◆ **EXERCISE DETAILS**: Omit every picture while repeating the entries exactly.

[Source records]
--------------------

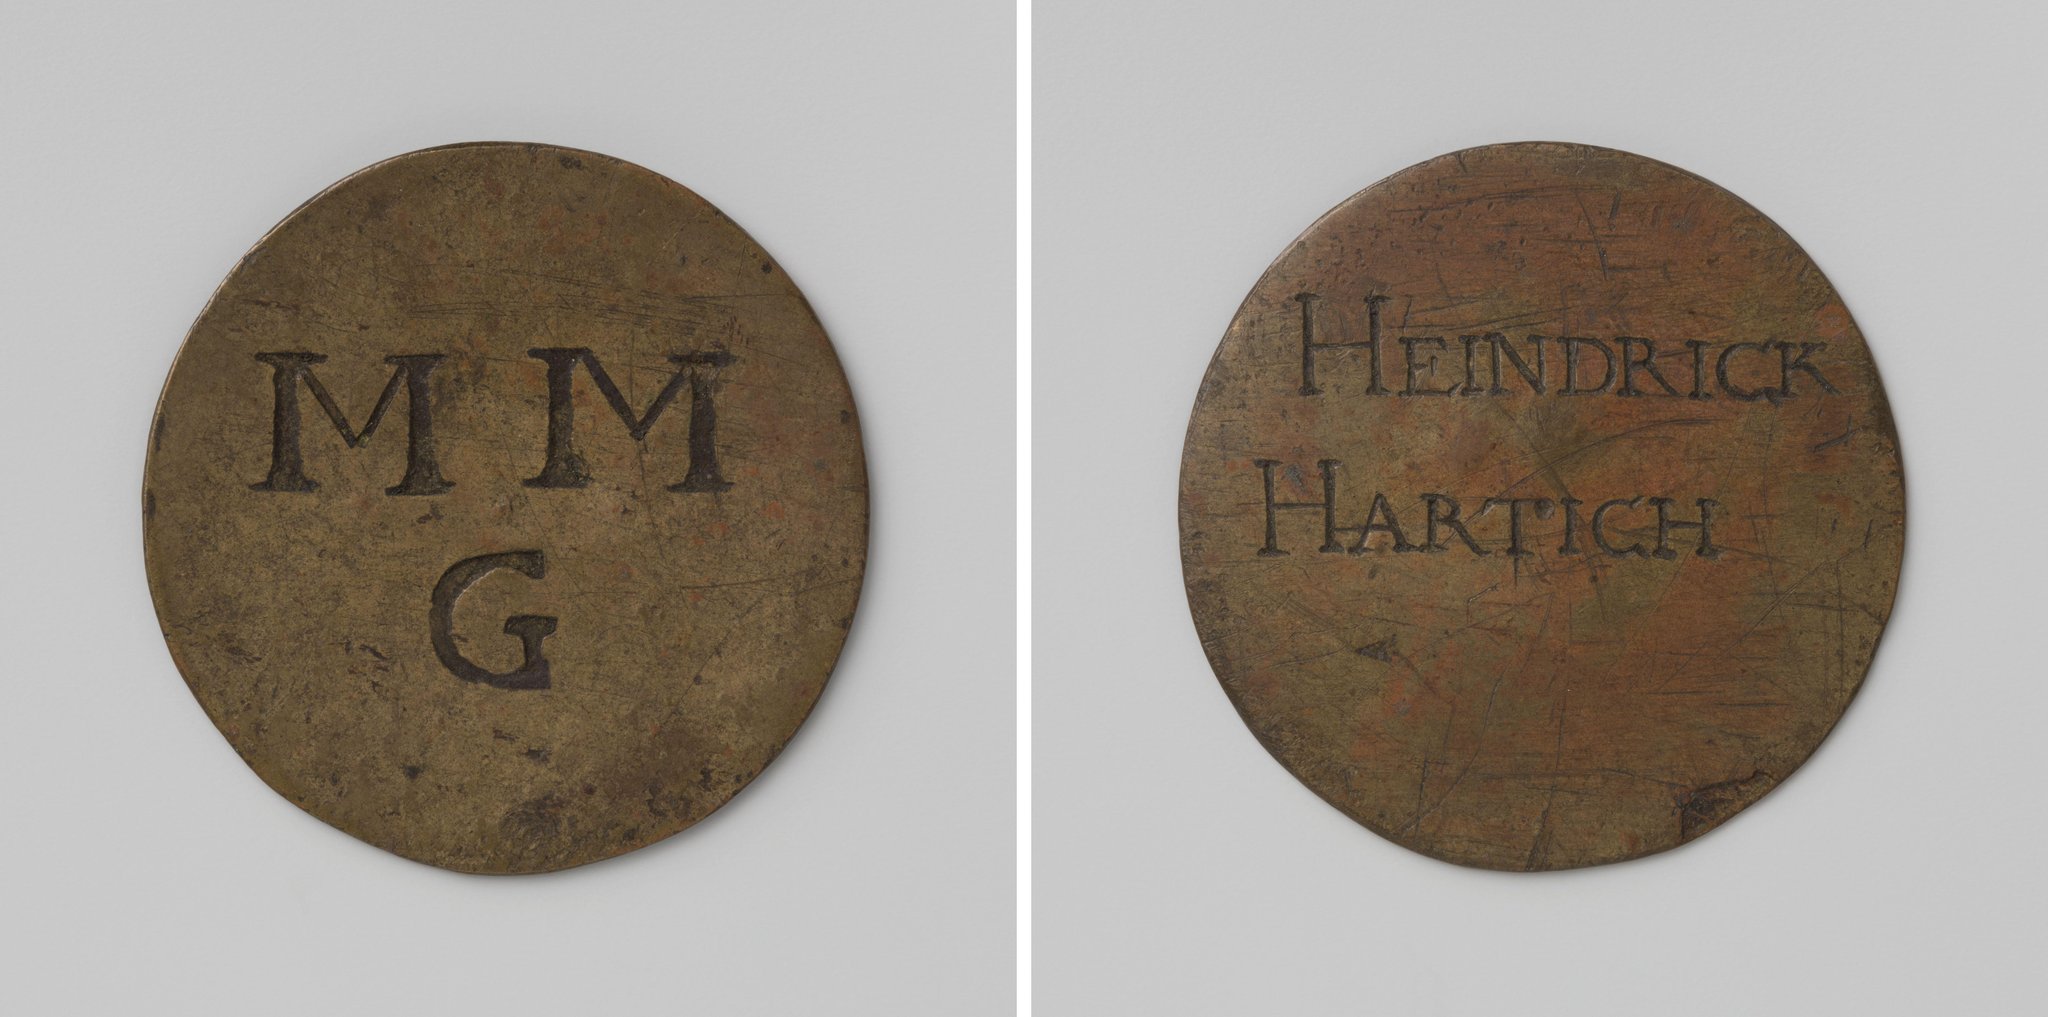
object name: medal
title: Mandemakersgilde van Amsterdam, gildepenning van Heindrick Hartich
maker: Anonymous
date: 1624
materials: brass
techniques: engraving
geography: amsterdam
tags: amsterdam
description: Messing penning. Voorzijde: opschrift. Keerzijde: twee letters M boven letter G
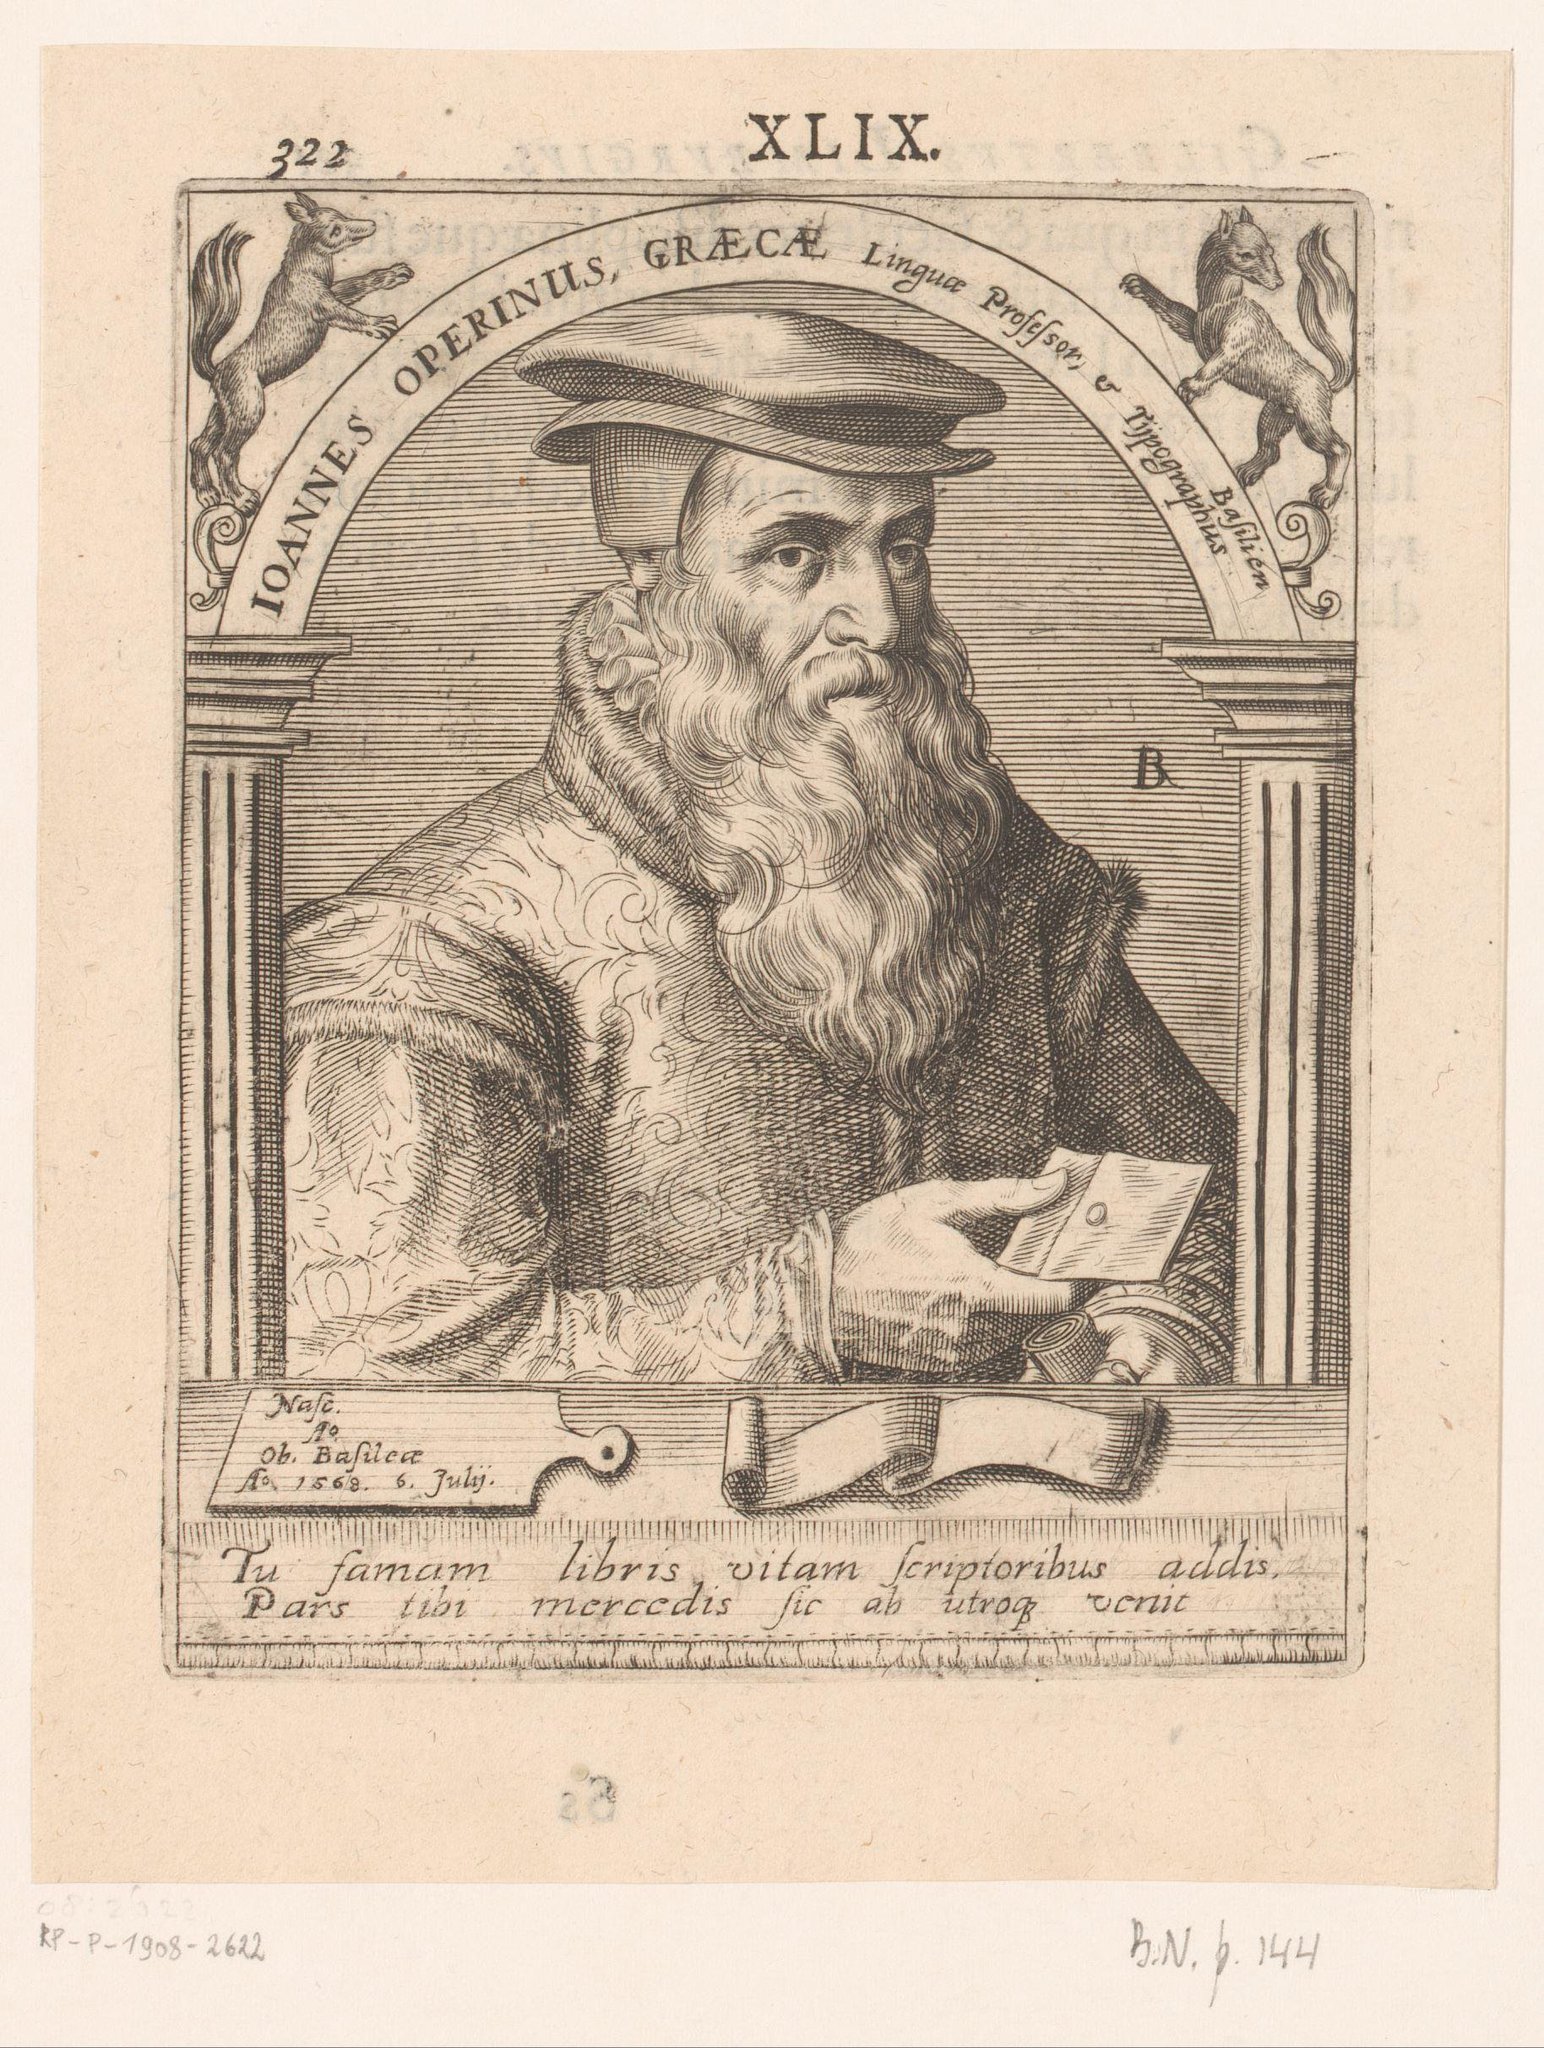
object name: book illustration
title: Joannes Operinus, Graecae Linguae Professor, & Tijpographus Basilien
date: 1597-1599
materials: paper
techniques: engraving, letterpress printing
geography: france
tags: printer, beasts of prey, predatory animals: fox - ff - fabulous animals (sometimes wrongly called 'grotesques'); 'mostri' (ripa), historical persons
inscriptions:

--------------------

◆ **OUTPUT FOR THIS TASK**:
object name: medal
title: Mandemakersgilde van Amsterdam, gildepenning van Heindrick Hartich
maker: Anonymous
date: 1624
materials: brass
techniques: engraving
geography: amsterdam
tags: amsterdam
description: Messing penning. Voorzijde: opschrift. Keerzijde: twee letters M boven letter G
object name: book illustration
title: Joannes Operinus, Graecae Linguae Professor, & Tijpographus Basilien
date: 1597-1599
materials: paper
techniques: engraving, letterpress printing
geography: france
tags: printer, beasts of prey, predatory animals: fox - ff - fabulous animals (sometimes wrongly called 'grotesques'); 'mostri' (ripa), historical persons
inscriptions:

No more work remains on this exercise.